■ **WHAT TO WORK ON**
Set the data below down again, exactly, with every picture left out.
***** INPUT *****
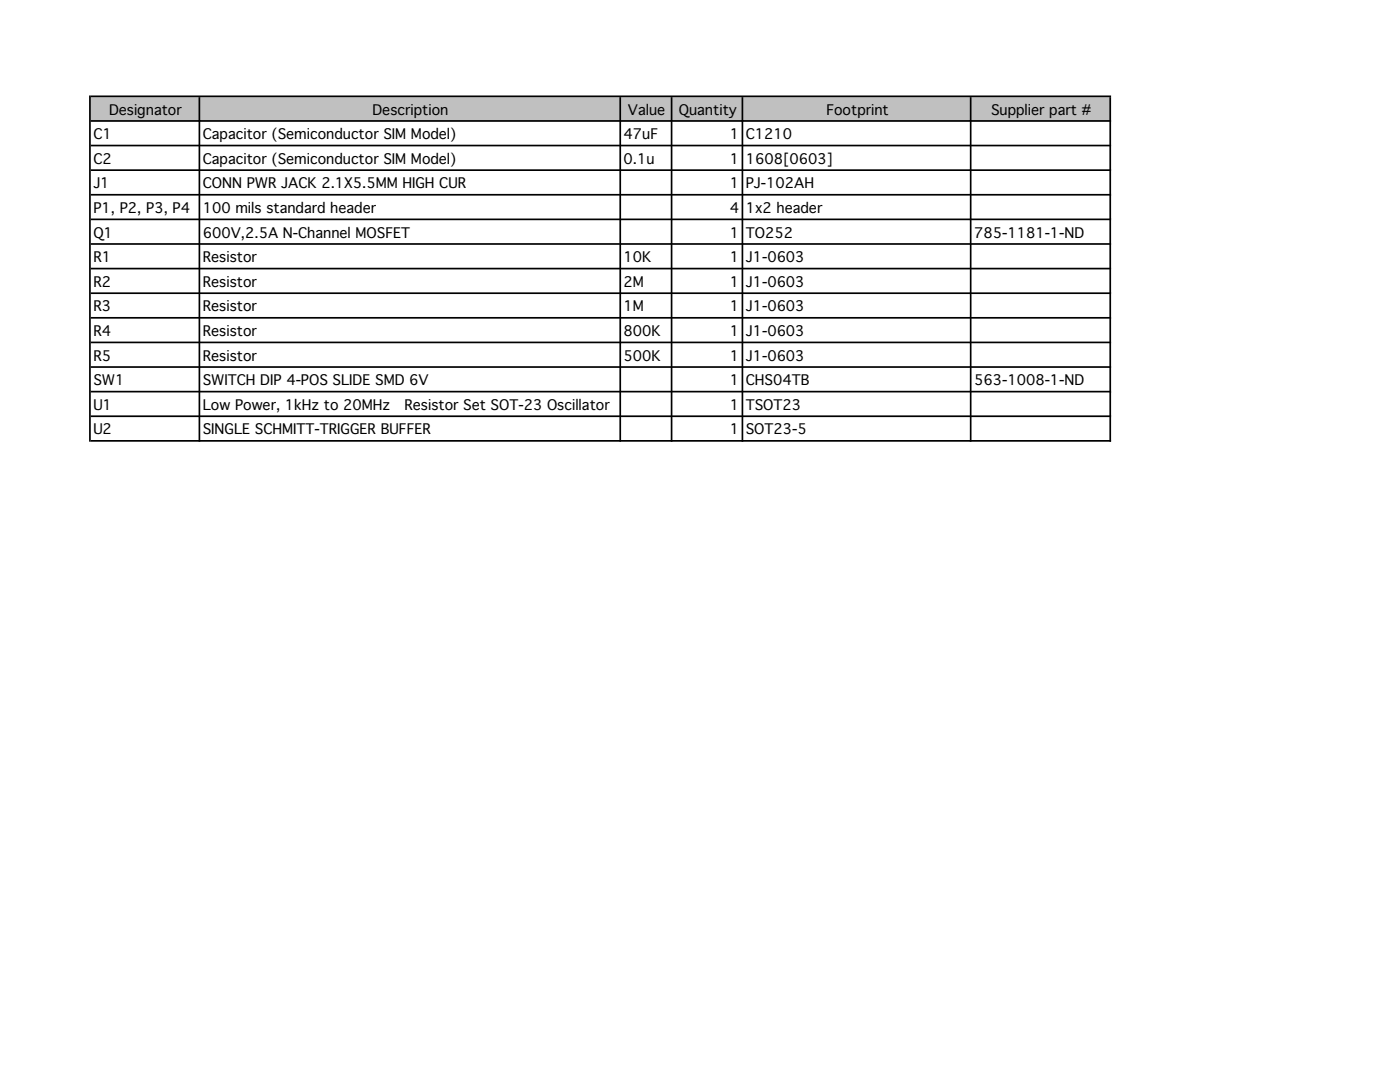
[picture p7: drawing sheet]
<svg xmlns="http://www.w3.org/2000/svg" width="279mm" height="216mm" viewBox="0 0 279 216" stroke-linecap="round" stroke-linejoin="round" font-family="sans-serif">
<defs><g id="words">
<g font-size="2.8">
<text x="21.8" y="22.9">Designator</text>
<text x="74.3" y="22.9">Description</text>
<text x="125.3" y="22.9">Value</text>
<text x="135.5" y="22.9">Quantity</text>
<text x="164.9" y="22.9">Footprint</text>
<text x="197.8" y="22.9">Supplier part #</text>
<text x="18.6" y="27.8">C1</text>
<text x="40.5" y="27.8">Capacitor (Semiconductor SIM Model)</text>
<text x="124.5" y="27.8">47uF</text>
<text x="145.6" y="27.8">1</text>
<text x="148.8" y="27.8">C1210</text>
<text x="18.6" y="32.7">C2</text>
<text x="40.5" y="32.7">Capacitor (Semiconductor SIM Model)</text>
<text x="124.5" y="32.7">0.1u</text>
<text x="145.6" y="32.7">1</text>
<text x="148.8" y="32.7">1608[0603]</text>
<text x="18.6" y="37.6">J1</text>
<text x="40.5" y="37.6">CONN PWR JACK 2.1X5.5MM HIGH CUR</text>
<text x="145.6" y="37.6">1</text>
<text x="148.8" y="37.6">PJ-102AH</text>
<text x="18.6" y="42.5">P1, P2, P3, P4</text>
<text x="18.6" y="47.4">Q1</text>
<text x="40.5" y="42.5">100 mils standard header</text>
<text x="40.5" y="47.4">600V,2.5A N-Channel MOSFET</text>
<text x="145.6" y="42.5">4</text>
<text x="145.6" y="47.4">1</text>
<text x="148.8" y="42.5">1x2 header</text>
<text x="148.8" y="47.4">TO252</text>
<text x="194.4" y="47.4">785-1181-1-ND</text>
<text x="18.6" y="52.3">R1</text>
<text x="40.5" y="52.3">Resistor</text>
<text x="124.5" y="52.3">10K</text>
<text x="145.6" y="52.3">1</text>
<text x="148.8" y="52.3">J1-0603</text>
<text x="18.6" y="57.2">R2</text>
<text x="40.5" y="57.2">Resistor</text>
<text x="124.5" y="57.2">2M</text>
<text x="145.6" y="57.2">1</text>
<text x="148.8" y="57.2">J1-0603</text>
<text x="18.6" y="62.1">R3</text>
<text x="40.5" y="62.1">Resistor</text>
<text x="124.5" y="62.1">1M</text>
<text x="145.6" y="62.1">1</text>
<text x="148.8" y="62.1">J1-0603</text>
<text x="18.6" y="67.1">R4</text>
<text x="18.6" y="72">R5</text>
<text x="40.5" y="67.1">Resistor</text>
<text x="40.5" y="72">Resistor</text>
<text x="124.5" y="67.1">800K</text>
<text x="124.5" y="72">500K</text>
<text x="145.6" y="67.1">1</text>
<text x="145.6" y="72">1</text>
<text x="148.8" y="67.1">J1-0603</text>
<text x="148.8" y="72">J1-0603</text>
<text x="18.6" y="76.9">SW1</text>
<text x="40.5" y="76.9">SWITCH DIP 4-POS SLIDE SMD 6V</text>
<text x="145.6" y="76.9">1</text>
<text x="148.8" y="76.9">CHS04TB</text>
<text x="194.4" y="76.9">563-1008-1-ND</text>
<text x="18.6" y="81.8">U1</text>
<text x="40.5" y="81.8">Low Power, 1kHz to 20MHz</text>
<text x="80.7" y="81.8">Resistor Set SOT-23 Oscillator</text>
<text x="145.6" y="81.8">1</text>
<text x="148.8" y="81.8">TSOT23</text>
<text x="18.6" y="86.7">U2</text>
<text x="40.5" y="86.7">SINGLE SCHMITT-TRIGGER BUFFER</text>
<text x="145.6" y="86.7">1</text>
<text x="148.8" y="86.7">SOT23-5</text>
</g>
</g></defs>
<path d="M17.9 19.2h203.8v5h-203.8z" fill="#c0c0c0"/>
<g fill="none" stroke="#000" stroke-width=".34">
<path d="M17.9 19v69.1M18.1 19.2h203.6M39.8 19.4v68.7M123.8 19.4v68.7M134 19.4v68.7M148.2 19.4v68.7M193.7 19.4v68.7M221.6 19.4v68.7M18.1 24.1h203.6M18.1 29h203.6M18.1 34h203.6M18.1 38.9h203.6"/>
<path d="M18.1 43.8h203.6M18.1 48.7h203.6M18.1 53.6h203.6M18.1 58.5h203.6M18.1 63.4h203.6M18.1 68.3h203.6M18.1 73.2h203.6M18.1 78.1h203.6M18.1 83.1h203.6M18.1 88h203.6"/>
</g>
<use href="#words"/>
</svg>
*****
■ **TASK SOLUTION**
[picture p7: drawing sheet]
<svg xmlns="http://www.w3.org/2000/svg" width="279mm" height="216mm" viewBox="0 0 279 216" stroke-linecap="round" stroke-linejoin="round" font-family="sans-serif">
<defs><g id="words">
<g font-size="2.8">
<text x="21.8" y="22.9">Designator</text>
<text x="74.3" y="22.9">Description</text>
<text x="125.3" y="22.9">Value</text>
<text x="135.5" y="22.9">Quantity</text>
<text x="164.9" y="22.9">Footprint</text>
<text x="197.8" y="22.9">Supplier part #</text>
<text x="18.6" y="27.8">C1</text>
<text x="40.5" y="27.8">Capacitor (Semiconductor SIM Model)</text>
<text x="124.5" y="27.8">47uF</text>
<text x="145.6" y="27.8">1</text>
<text x="148.8" y="27.8">C1210</text>
<text x="18.6" y="32.7">C2</text>
<text x="40.5" y="32.7">Capacitor (Semiconductor SIM Model)</text>
<text x="124.5" y="32.7">0.1u</text>
<text x="145.6" y="32.7">1</text>
<text x="148.8" y="32.7">1608[0603]</text>
<text x="18.6" y="37.6">J1</text>
<text x="40.5" y="37.6">CONN PWR JACK 2.1X5.5MM HIGH CUR</text>
<text x="145.6" y="37.6">1</text>
<text x="148.8" y="37.6">PJ-102AH</text>
<text x="18.6" y="42.5">P1, P2, P3, P4</text>
<text x="18.6" y="47.4">Q1</text>
<text x="40.5" y="42.5">100 mils standard header</text>
<text x="40.5" y="47.4">600V,2.5A N-Channel MOSFET</text>
<text x="145.6" y="42.5">4</text>
<text x="145.6" y="47.4">1</text>
<text x="148.8" y="42.5">1x2 header</text>
<text x="148.8" y="47.4">TO252</text>
<text x="194.4" y="47.4">785-1181-1-ND</text>
<text x="18.6" y="52.3">R1</text>
<text x="40.5" y="52.3">Resistor</text>
<text x="124.5" y="52.3">10K</text>
<text x="145.6" y="52.3">1</text>
<text x="148.8" y="52.3">J1-0603</text>
<text x="18.6" y="57.2">R2</text>
<text x="40.5" y="57.2">Resistor</text>
<text x="124.5" y="57.2">2M</text>
<text x="145.6" y="57.2">1</text>
<text x="148.8" y="57.2">J1-0603</text>
<text x="18.6" y="62.1">R3</text>
<text x="40.5" y="62.1">Resistor</text>
<text x="124.5" y="62.1">1M</text>
<text x="145.6" y="62.1">1</text>
<text x="148.8" y="62.1">J1-0603</text>
<text x="18.6" y="67.1">R4</text>
<text x="18.6" y="72">R5</text>
<text x="40.5" y="67.1">Resistor</text>
<text x="40.5" y="72">Resistor</text>
<text x="124.5" y="67.1">800K</text>
<text x="124.5" y="72">500K</text>
<text x="145.6" y="67.1">1</text>
<text x="145.6" y="72">1</text>
<text x="148.8" y="67.1">J1-0603</text>
<text x="148.8" y="72">J1-0603</text>
<text x="18.6" y="76.9">SW1</text>
<text x="40.5" y="76.9">SWITCH DIP 4-POS SLIDE SMD 6V</text>
<text x="145.6" y="76.9">1</text>
<text x="148.8" y="76.9">CHS04TB</text>
<text x="194.4" y="76.9">563-1008-1-ND</text>
<text x="18.6" y="81.8">U1</text>
<text x="40.5" y="81.8">Low Power, 1kHz to 20MHz</text>
<text x="80.7" y="81.8">Resistor Set SOT-23 Oscillator</text>
<text x="145.6" y="81.8">1</text>
<text x="148.8" y="81.8">TSOT23</text>
<text x="18.6" y="86.7">U2</text>
<text x="40.5" y="86.7">SINGLE SCHMITT-TRIGGER BUFFER</text>
<text x="145.6" y="86.7">1</text>
<text x="148.8" y="86.7">SOT23-5</text>
</g>
</g></defs>
<path d="M17.9 19.2h203.8v5h-203.8z" fill="#c0c0c0"/>
<g fill="none" stroke="#000" stroke-width=".34">
<path d="M17.9 19v69.1M18.1 19.2h203.6M39.8 19.4v68.7M123.8 19.4v68.7M134 19.4v68.7M148.2 19.4v68.7M193.7 19.4v68.7M221.6 19.4v68.7M18.1 24.1h203.6M18.1 29h203.6M18.1 34h203.6M18.1 38.9h203.6"/>
<path d="M18.1 43.8h203.6M18.1 48.7h203.6M18.1 53.6h203.6M18.1 58.5h203.6M18.1 63.4h203.6M18.1 68.3h203.6M18.1 73.2h203.6M18.1 78.1h203.6M18.1 83.1h203.6M18.1 88h203.6"/>
</g>
<use href="#words"/>
</svg>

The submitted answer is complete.